I can run my program on my Linux Desktop, but got this error when I ran on Jetson.
Hi @hlau2, that PyTorch wheel for Jetson wasn’t built with USE_DISTRIBUTED enabled, so it doesn’t have torch.distributed available. You can either disable the code, or rebuild PyTorch with USE_DISTRIBUTED.

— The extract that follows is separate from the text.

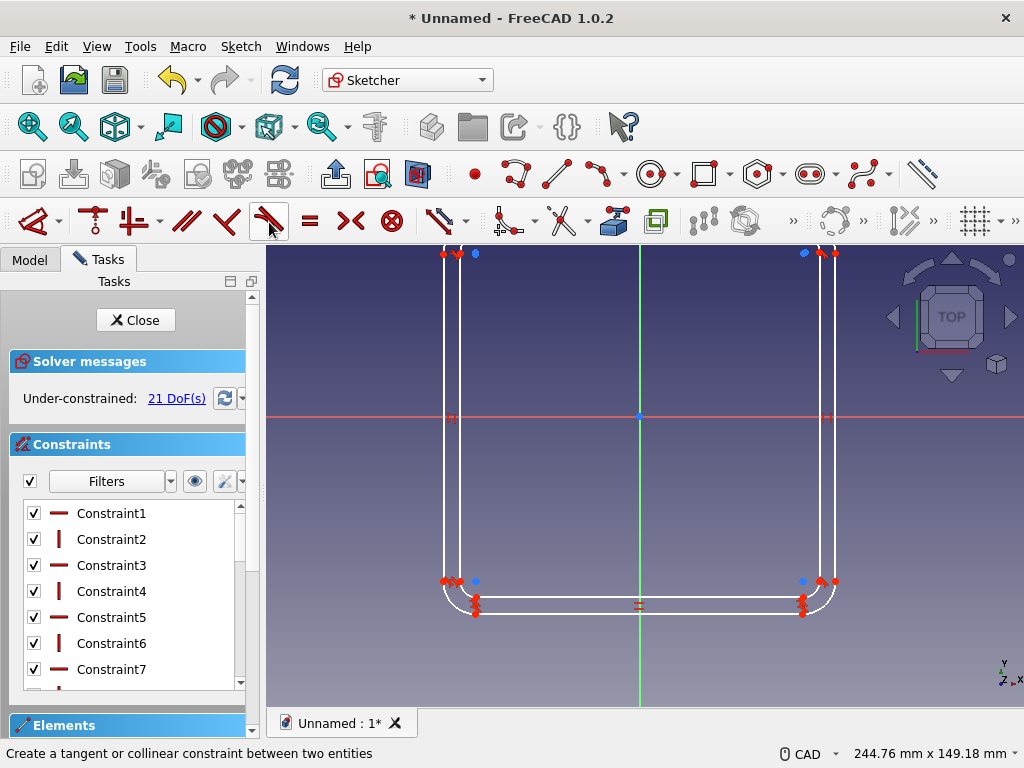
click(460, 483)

You can find instructions on building PyTorch from source in this topic:
I cloned the pyTorch v2.1.0, and then installed the packages, and
export USE_NCCL=0
export USE_DISTRIBUTED=1
export USE_QNNPACK=0
export USE_PYTORCH_QNNPACK=0
export TORCH_CUDA_ARCH_LIST=“7.2;8.7”
export PYTORCH_BUILD_VERSION=2.1.0
export PYTORCH_BUILD_NUMBER=1
and then python3 setup.py bdist_wheel
it tooks few hours and stuck, because of memory. is it correct?
UPDATE: It actually dead.
g++: fatal error: Killed signal terminated program cc1plus
compilation terminated.
[413/1605] Building CUDA object caffe2/CMakeFiles/torch_cuda.dir/__/aten/src/ATen/native/cuda/LogcumsumexpKernel.cu.o
ninja: build stopped: subcommand failed.
@hlau2 I haven’t used distributed mode, but I would check torch.__config__.show() and the PyTorch source to see what torch.distributed.is_available() is checking for.